Esquire Singapore

leaving afghanistan behind

Few wars get clean ends. Some here in America may want that small grace for Afghanistan as surely as some there deserve it, but in this way, war’s like life. Being deserving just makes you a target.

It began clean enough. The US invaded in the weeks after 9/11, at George W Bush’s behest, to dismantle and destroy Al Qaeda who’d attacked us. We sought something between justice and vengeance. Once the terrorist group and its Taliban enablers had been defeated, we stayed. Once Osama bin Laden was killed, in neighbouring Pakistan, we stayed. We stayed and we stayed and we stayed.

We stayed for democracy at one point, human rights at another. To nation-build, if you believed in counterinsurgency, or to ‘mow the grass’—a euphemism for killing terrorists that admits doing so will produce more—if you favoured counterterrorism.

Somewhere along the way, the war lost public interest and support. Those matter in a republic, though one could be forgiven for getting lulled into thinking otherwise the past 20 years. The war’s justification became the war’s existence itself, and that’s a twisted reason to keep killing people in the name of country, as well as risking the lives of our own.

A ghoul of a question hovered over the rapid Taliban advancement in the summer of 2021: How? How had two decades of blood and treasure left a porous apparatus either unwilling or unable to defend itself? US personnel had tried to build the Afghan security forces in our own image, with a national army and special operations and a core belief that the military can and should do more than engage the enemy on battlefields.

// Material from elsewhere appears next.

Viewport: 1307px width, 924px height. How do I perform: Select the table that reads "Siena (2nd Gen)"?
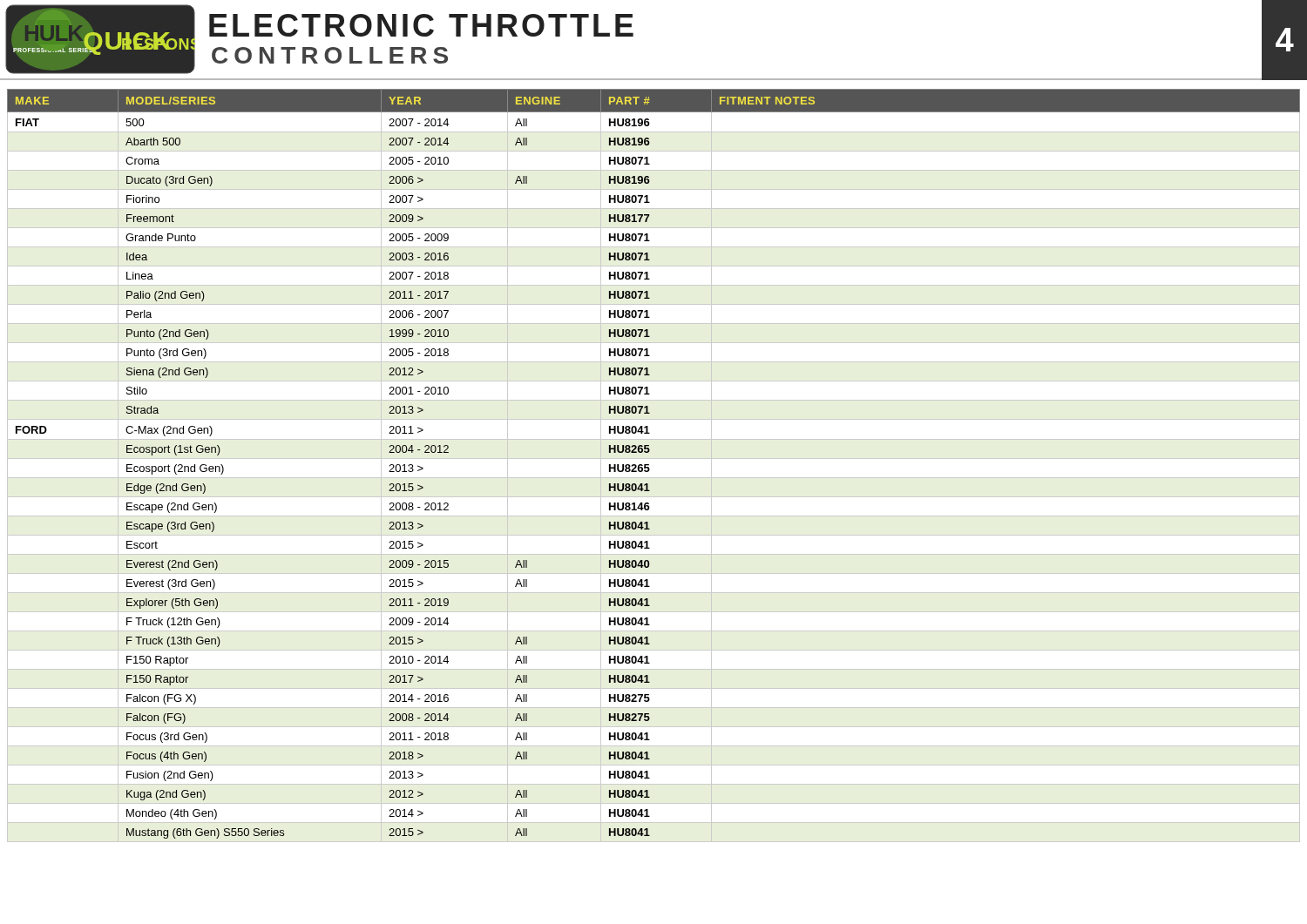(x=654, y=461)

The hubris of it all. In our own image. Hold up a mirror and you may not like what you see.

Even in this shared defeat, we want—we seem to need—to make it about us. So big-brained pontificators and TV squawkers made grand declarations about the ugly withdrawal marking our late- imperial decline. The tail of the American Century, the death knell of star-spangled exceptionalism. The end of something, certainly, and the end of something demands hysterics.

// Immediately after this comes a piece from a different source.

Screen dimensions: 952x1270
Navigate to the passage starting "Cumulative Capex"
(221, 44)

Sometimes, though, tragedy is just tragedy. Sometimes meaning is only more noise.

A tragedy’s coda: 13 American service members and more than 170 Afghan civilians were killed in the 26 August suicide bombing at Kabul’s airport. It’s the bleakest of ironies that those troops who died did so with a moral purpose not seen in the war for some years. They died trying to shepherd strangers to safety 20-year-old Marines among the final casualties of a war their same age.

The Afghanistan war’s end was brought about by a commander- in-chief who took seriously his pledge to do so. He’s a military father, and that may have made the difference. Joe Biden faced down a lot of entrenched institutional forces to follow through, and future historians should credit him that resolve. America’s broader ‘forever war’ continues, but who knows what the Afghanistan withdrawal augurs. Nothing lasts forever, not even forever wars.

Did it have to end like this, though? With allies braving Taliban checkpoints and desperate mobs for the mere chance to get on an airplane? With US Marines and paratroopers holding the line, gripping cocked rifles in one hand and reaching for Afghan babies with the other, all under the constant threat of another bombing?

It did not. Anyone who says differently has bought a political lie or is selling the same. We have our eyes and basic sense, if we’re willing to use them. One hard truth is that no matter what, some allies would’ve been left behind. Another is that the logistical marvel of evacuating more than 120,000 people in a month’s time does not atone for the lack of planning that necessitated the feat.